3. The method as described in claim 1, wherein, Based on the graph operator information extracted from the nested loop statement and the graph data information of the operator, the selection of optimization parallel strategies from the parallel strategy library includes: The graph operator information and the graph data information are fed into a trained optimization policy prediction model as input, and the output of the optimization policy prediction model is obtained as the parallel optimization policy; or The graph operator information and the graph data information are fed into the optimization strategy decision tree, and the optimization parallel strategy is determined based on the decision of the optimization strategy decision tree.

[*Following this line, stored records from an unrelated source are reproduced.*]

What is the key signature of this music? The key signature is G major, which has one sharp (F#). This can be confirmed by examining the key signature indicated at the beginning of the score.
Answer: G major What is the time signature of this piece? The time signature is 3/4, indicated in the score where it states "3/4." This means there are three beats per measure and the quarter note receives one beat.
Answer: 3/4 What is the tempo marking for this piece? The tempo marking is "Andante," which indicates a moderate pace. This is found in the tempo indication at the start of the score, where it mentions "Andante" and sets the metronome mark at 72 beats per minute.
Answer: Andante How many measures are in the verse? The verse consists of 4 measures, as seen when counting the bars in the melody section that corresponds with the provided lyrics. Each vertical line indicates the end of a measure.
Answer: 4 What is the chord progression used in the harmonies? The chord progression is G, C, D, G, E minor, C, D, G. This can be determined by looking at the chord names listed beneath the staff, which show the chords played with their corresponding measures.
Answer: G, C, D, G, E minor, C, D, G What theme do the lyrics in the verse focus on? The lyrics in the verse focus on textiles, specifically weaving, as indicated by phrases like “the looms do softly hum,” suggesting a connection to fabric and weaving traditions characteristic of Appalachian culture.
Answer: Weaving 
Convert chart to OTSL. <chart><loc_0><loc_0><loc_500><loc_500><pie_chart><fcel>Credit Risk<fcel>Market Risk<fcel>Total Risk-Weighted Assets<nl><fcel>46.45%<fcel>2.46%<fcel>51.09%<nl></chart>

4. The method of claim 3, wherein, Generating executable code based on the optimized parallel strategy and nested loop statements based on the preset abstract format includes: When the first operator or the second operator is empty, the first operation statement and the second operation statement are merged. The inner loop statement of the nested loop statement includes the first operation statement defined by the first operator that operates on each edge feature, and the second operation statement defined by the second operator that reduces the transformed features after the edge operation.

5. A graph neural network inference system, comprising a compiler and an execution unit, wherein, The compiler is used for: Based on a preset abstract format, graph operators for graph neural network computation tasks are represented as nested loop statements. These nested loop statements include an outer loop statement for traversing all vertices in the graph, an intermediate loop statement for traversing the incoming edges of each vertex, and an inner loop statement for representing specific operations of a particular operator. The inner loop statement is used for traversal along the feature dimension and includes a first operation statement defined by a first operator operating on each edge feature, and a second operation statement defined by a second operator reducing the transformed features after edge operations. The nested loop statements also include a first input embedding tensor, a second input embedding tensor, and a third input embedding tensor. In the first operation statement, the first operator is used to operate on the first and second input embedding tensors. In the second operation statement, the second operator is used to operate on the third input embedding tensor. Each of the first, second, and third input embedding tensors is one of the following: a source vertex embedding tensor, a target vertex embedding tensor, an edge embedding tensor, or an empty space. Based on the graph operator information extracted from the nested loop statement and the graph data information of the operator, an optimized parallel strategy is selected from the parallel strategy library. The parallel strategy library includes at least two of the following: a thread-edge strategy in which one thread executes all operations on one edge; a thread-vertex strategy in which one thread executes all operations on one vertex; a thread-beam-edge strategy in which a thread bundle executes all operations on one edge; and a thread-beam-vertex strategy in which a thread bundle executes all operations on one vertex. The execution unit is used for: Executable code is generated based on the optimized parallel strategy and nested loop statements based on the preset abstract format; and the executable code is executed by dedicated hardware for neural network computing.

6. A computing device, comprising: processor; as well as A memory having executable code stored thereon, which, when executed by the processor, causes the processor to perform the method as described in any one of claims 1 to 4.

7. A non-transitory machine-readable storage medium having executable code stored thereon, which, when executed by a processor of an electronic device, causes the processor to perform the method as described in any one of claims 1 to 4.